On Wednesday, February 27, 2013 at 1:34 PM, holger krekel wrote:
> On Wed, Feb 27, 2013 at 13:00 -0500, Jesse Noller wrote:
> > > > 2. External links decrease the expected uptime for a particular set
> > > > of requirements. PyPI itself has become very stable, however
> > > > the same cannot be said for all of the hosts linked that the toolchain
> > > > processes.
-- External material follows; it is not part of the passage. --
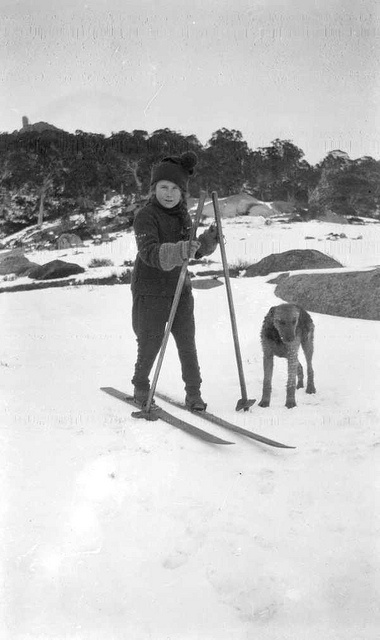Describe the objects in this image and their specific colors. I can see people in lightgray, black, gray, and white tones, dog in lightgray, gray, and black tones, and skis in lightgray, gray, and black tones in this image. 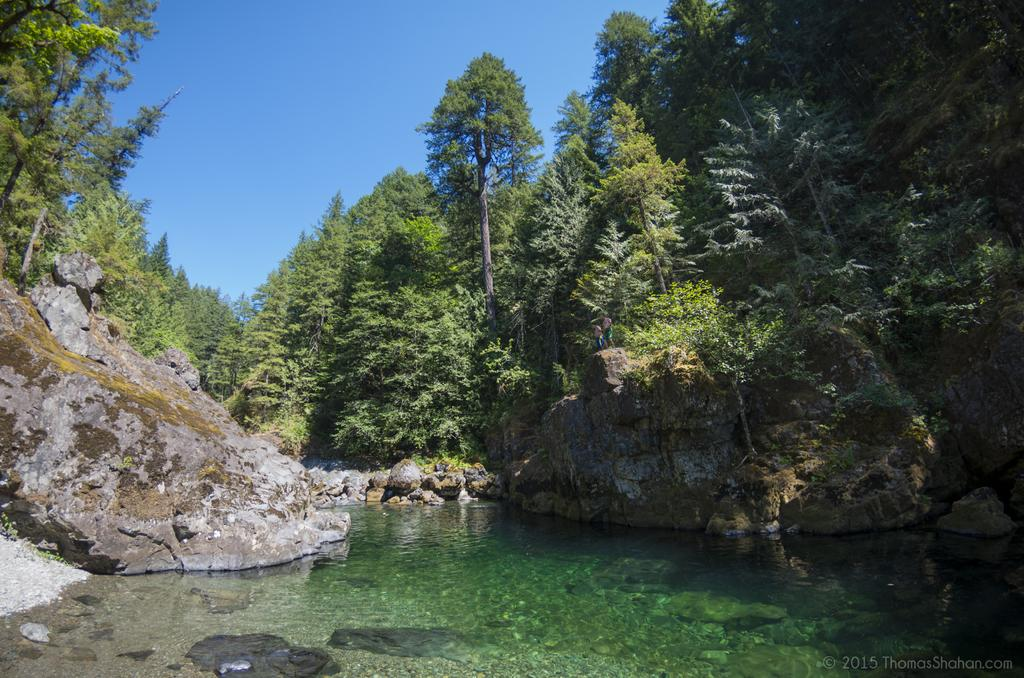What is the main subject in the center of the image? There is water in the center of the image. Are there any objects or features within the water? Yes, there are rocks in the water. What can be seen in the background of the image? There are trees and the sky visible in the background of the image. Can you see a needle in the image? No, there is no needle present in the image. What type of mountain can be seen in the image? There is no mountain present in the image.

Each new host is an additional SPOF.
> > > > 
> > > > Ex: I depend on PyPI and 10 other external packages, each
> > > > service has a 99% uptime so my expected uptime to
> > > > be able to install all my requirements would be ~89% (0.99 ** 11).
> > > > 
> > > 
> > > 
> > > 
> > > 
> > > There are many links which go to google, bitbucket or github -
> > > i doubt those services have worse availability than pypi.python.org 
> > > (http://pypi.python.org),
> > > rather better.
> > > 
> > > Also we would be loosing a lot of packages because i expect there to
> > > be a non-trivial amount of packages which will not be transferred to 
> > > pypi.python.org (http://pypi.python.org) no matter how much people here 
> > > think it's cool.
> > > 
> > > Why not first have an a good infrastructure and capacity with
> > > pypi.python.org (http://pypi.python.org) so that people *want* to move 
> > > their files there?
> > > 
> > > best,
> > > holger
> > > 
> > 
> > Ok, so we have that. What now? 
> > 
> 
> 
> I am not sure i understand. Just last week there were many installs
> going wrong - installs failing due to the http/https redirecting.
> 
> 

This same problem would have affected external urls as well because
you cannot install something with having first contacted PyPI. 
> I've got at least 3 occassions myself in the last months where i couldn't 
> use pypi.python.org (http://pypi.python.org) and i've heart similar things 
> from other people.
> 
> 

"Couldn't Use pypi.python.org" is very vague. I hit PyPI every 15 seconds
or so and rarely have issues. Lately when there have been installation
problems it's been due to external services being down. For example
Mercurial has recently been having problems because they don't host
their packages on PyPI and their website has had downtime issues lately. 
> There is also the issue that it's not clear we could just put all packages
> from download locations to pypi.python.org (http://pypi.python.org) due to 
> sizing constraints - 
> at least that is what i got from discussions here earlier.
> 
> 

If a package is too large for PyPI that is a solvable problem, the current
limit exists for a sanity check, not for any hard technical reason.